= Girth (functional analysis) =

In functional analysis, the girth of a Banach space is the infimum of lengths of centrally symmetric simple closed curves in the unit sphere of the space. Equivalently, it is twice the infimum of distances between opposite points of the sphere, as measured within the sphere.

Every finite-dimensional Banach space has a pair of opposite points on the unit sphere that achieves the minimum distance, and a centrally symmetric simple closed curve that achieves the minimum length. However, such a curve may not always exist in infinite-dimensional spaces.

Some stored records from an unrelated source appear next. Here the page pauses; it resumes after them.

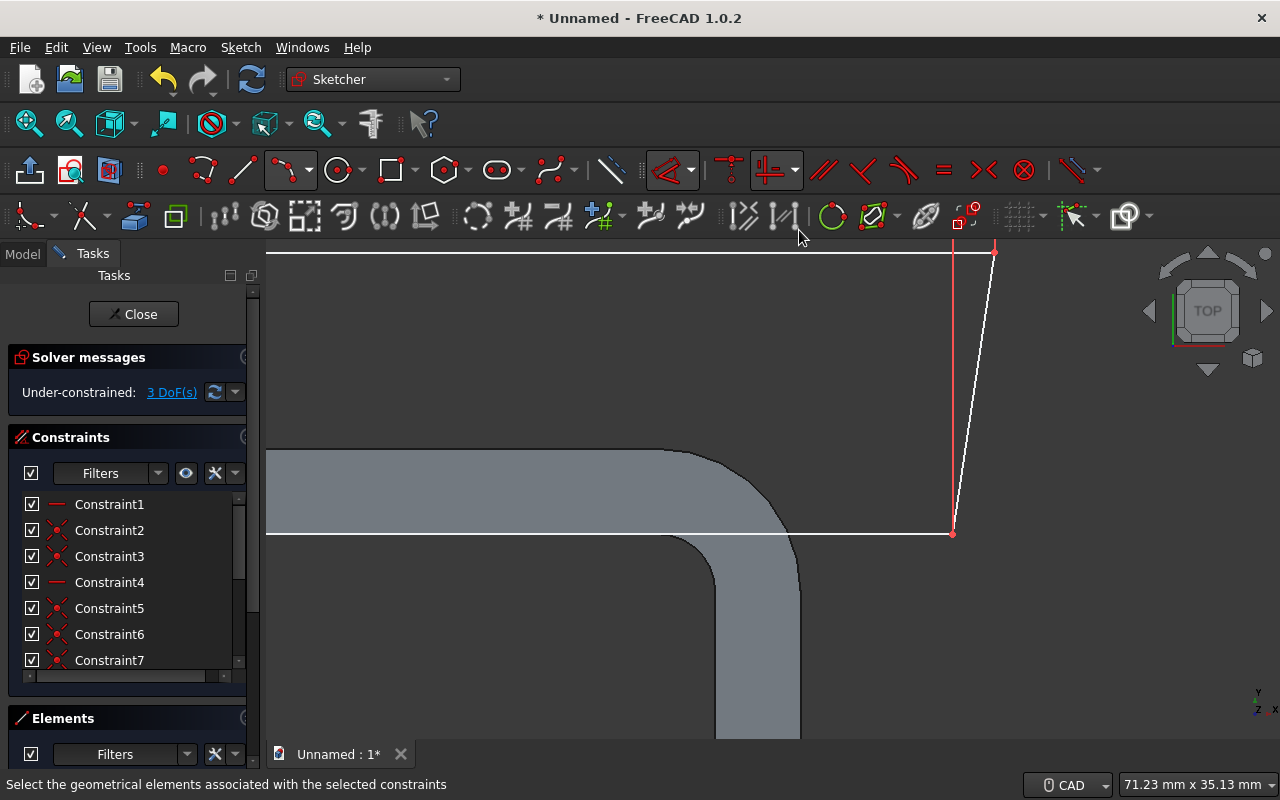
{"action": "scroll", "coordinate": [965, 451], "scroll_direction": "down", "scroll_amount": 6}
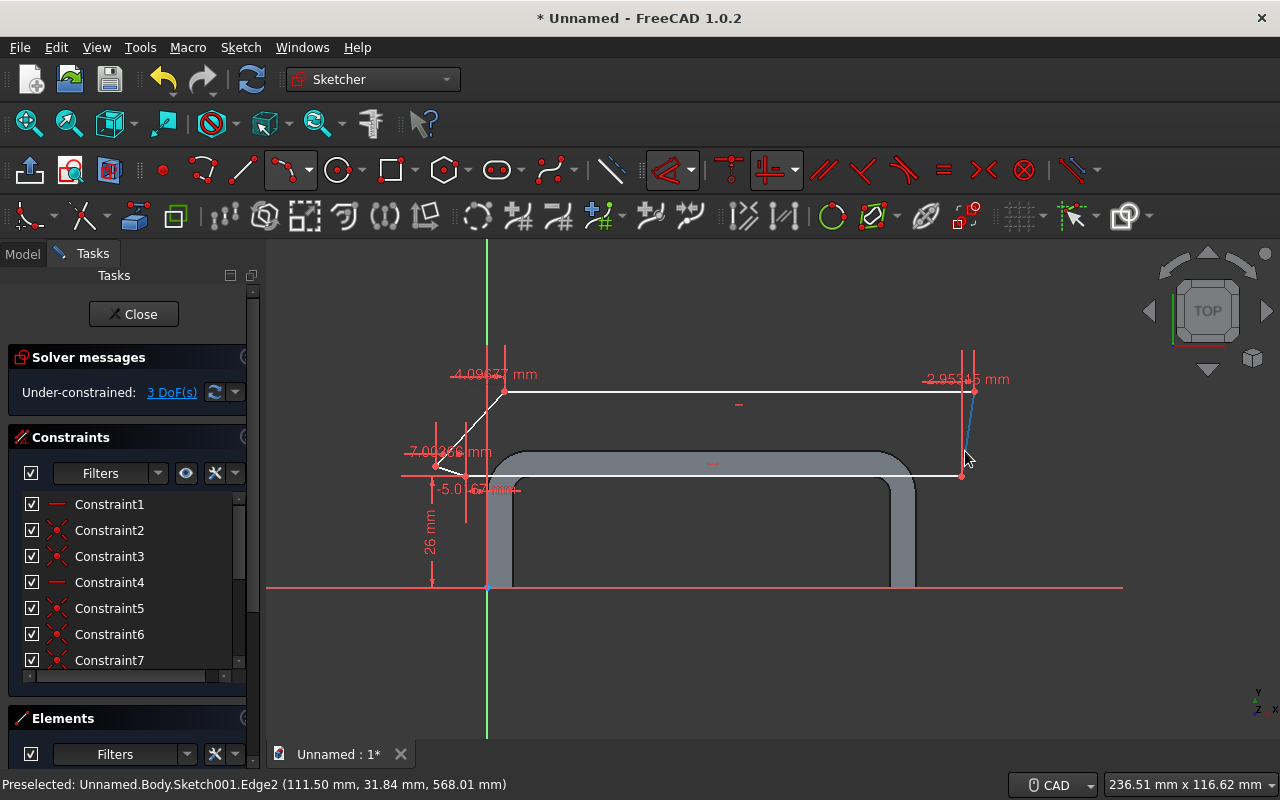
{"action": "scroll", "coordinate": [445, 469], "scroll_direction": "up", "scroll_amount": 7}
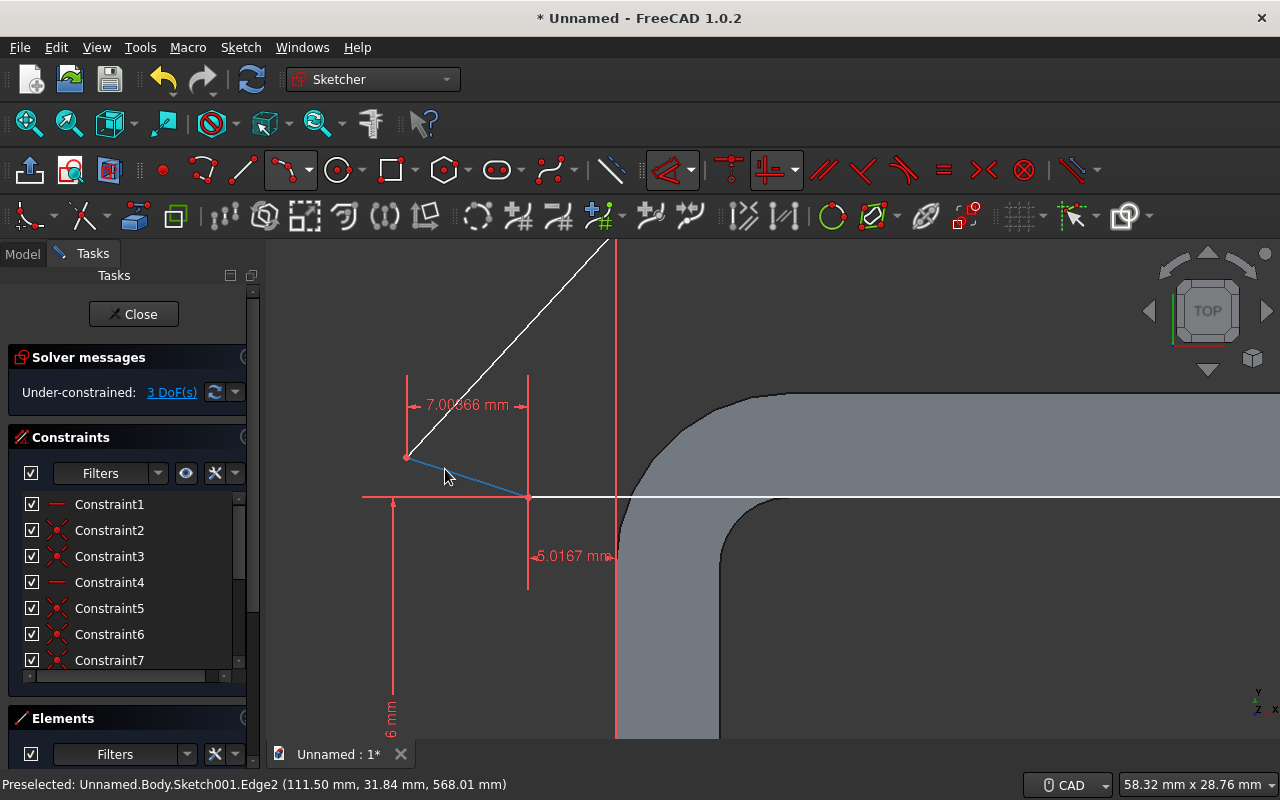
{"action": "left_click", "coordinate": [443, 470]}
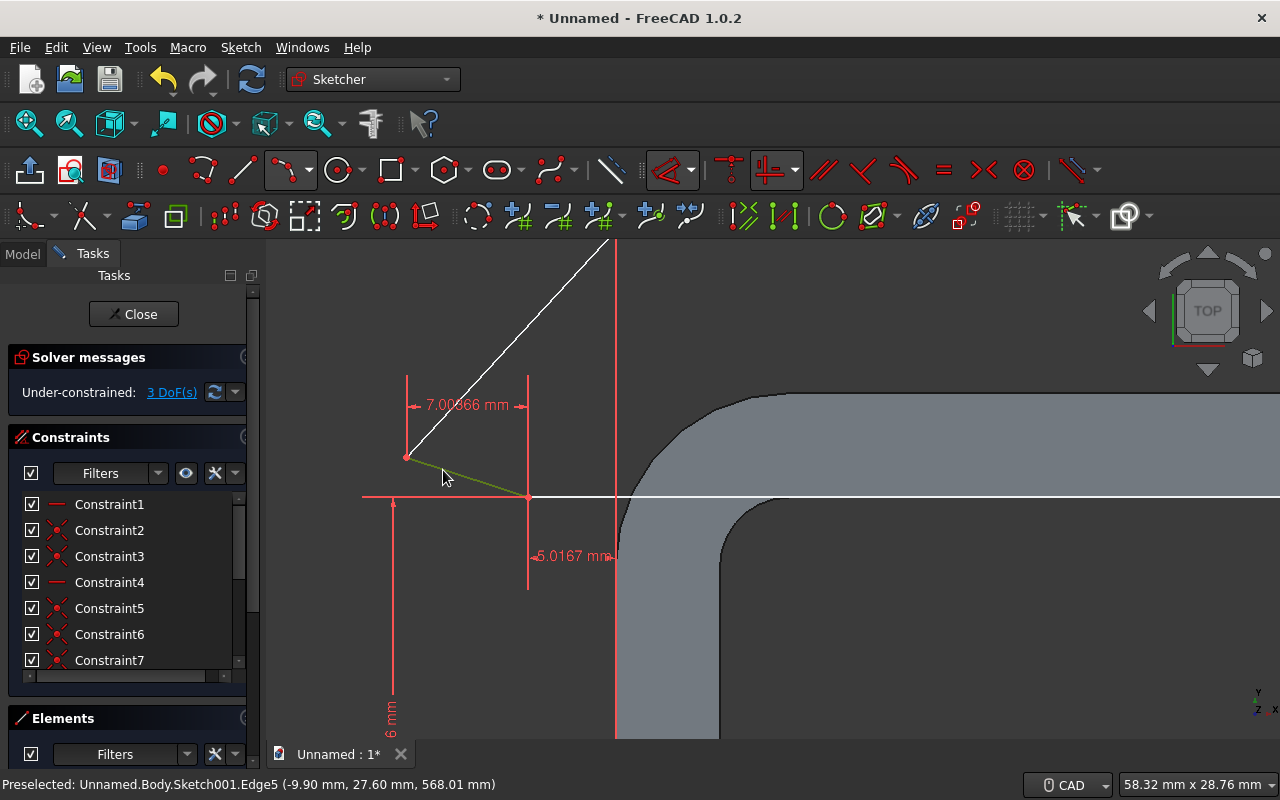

The girth is always at least four, because the shortest path on the unit sphere between two opposite points cannot be shorter than the length-two line segment connecting them through the origin of the space. A Banach space for which it is exactly four is said to be flat. There exist flat Banach spaces of infinite dimension in which the girth is achieved by a minimum-length curve; an example is the space C[0,1] of continuous functions from the unit interval to the real numbers, with the sup norm. The unit sphere of such a space has the counterintuitive property that certain pairs of opposite points have the same distance within the sphere that they do in the whole space.

The girth is a continuous function on the Banach–Mazur compactum, a space whose points correspond to the normed vector spaces of a given dimension. The girth of the dual space of a normed vector space is always equal to the girth of the original space.